The surname of ABOTT was a baptismal name 'the son of Abraham', a favourite font name during the 13th Century. The name was also an official name 'the abbot' the holder of such an office. Early records of the name mention Alfwoldus Abot, 1117, County Norfolk. Walter Abbott was recorded in the year 1200, in the City of London. Henry Abbod, of the County of Oxford was documented in the year 1273. Marageta Abbot of Yorkshire was listed in the Yorkshire Poll Tax of 1379. Edward Sanders and Ann Abbitt were married at St. Antholin, London in 1720. The name was derived from the Old English ABBOD - abbot. The names introduced into Britain by the Normans during and in the wake of the Invasion of 1066, are nearly all territorial in origin. The followers of William the Conqueror were a pretty mixed lot, and while some of them brought the names of their castles and villages in Normandy with them, many were adventurers of different nationalities attached to William's standard by the hope of plunder, and possessing no family or territorial names of their own. Those of them who acquired lands in England were called by their manors, while others took the name of the offices they held or the military titles given to them, and sometimes, a younger son of a Norman landowner, on receiving a grant of land in his new home dropped his paternal name and adopted that of his newly acquired property.

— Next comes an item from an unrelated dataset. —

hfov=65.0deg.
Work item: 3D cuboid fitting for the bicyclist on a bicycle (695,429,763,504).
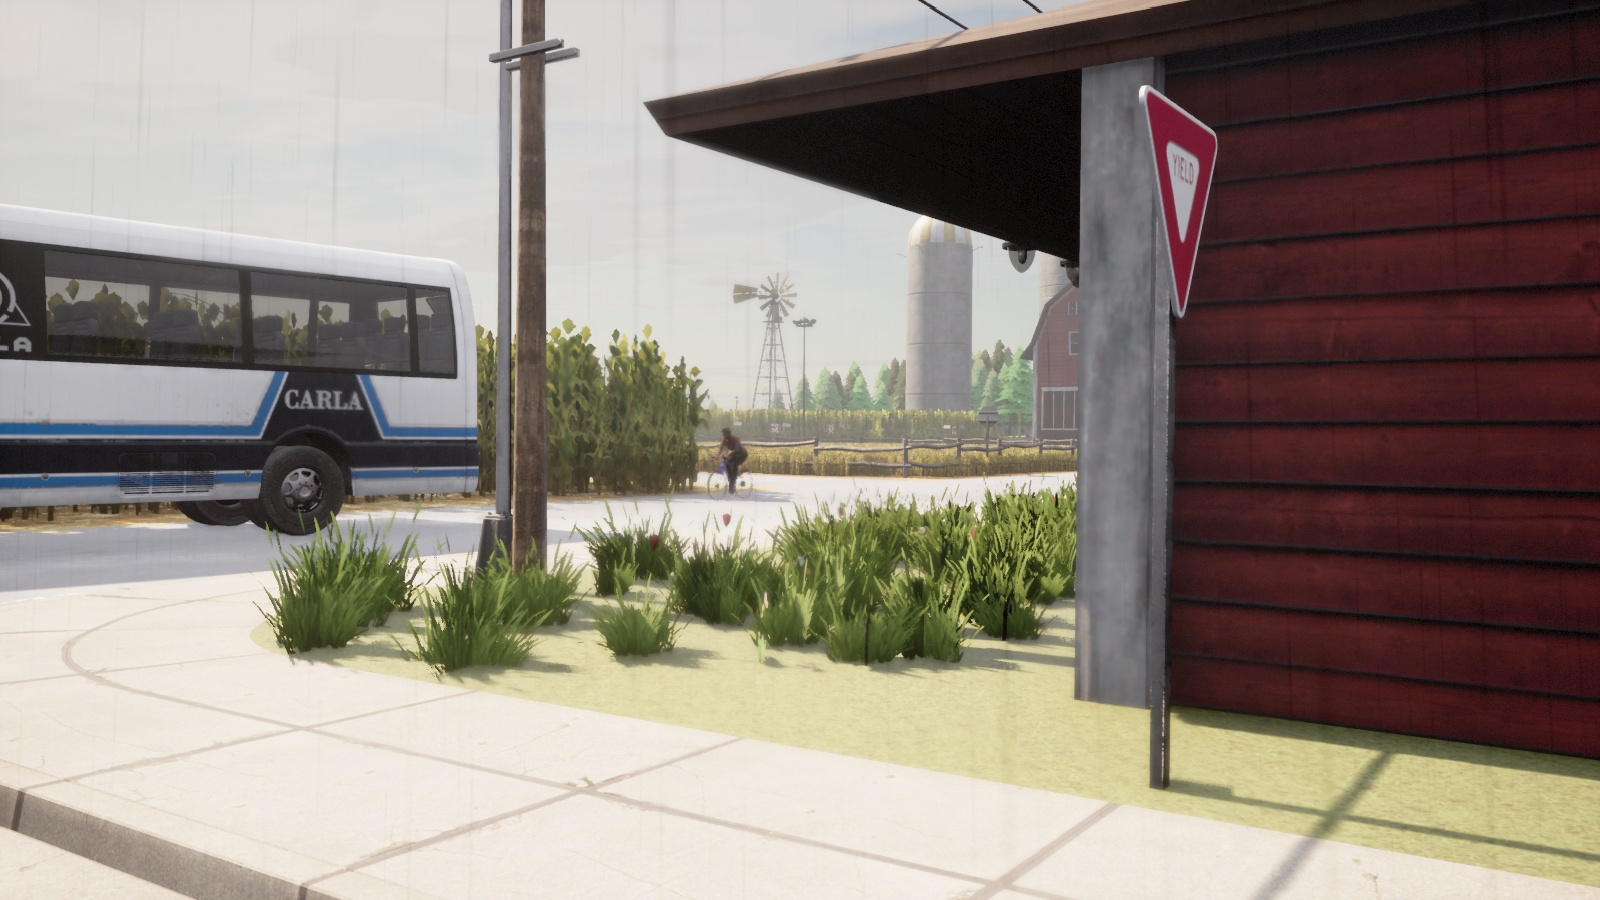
[{"bbox_3d":[-1.557,0.344,27.874,0.582,1.620,1.656,0,1,34],"label":"bicyclist on a bicycle"}]

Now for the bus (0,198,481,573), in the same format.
[{"bbox_3d":[-9.744,-0.756,16.508,3.944,4.253,10.273,0,1,41],"label":"bus"}]

At first the coat of arms was a practical matter, which served a function on the battlefield and in tournaments. With his helmet covering his face, and armour encasing the knight from head to foot, the only means of identification for his followers, was the insignia painted on his shield and embroidered on his surcoat, the flowing and draped garment worn over the armour.
The associated arms are recorded in Sir Bernard Burkes General Armory. Ulster King of Arms in 1884.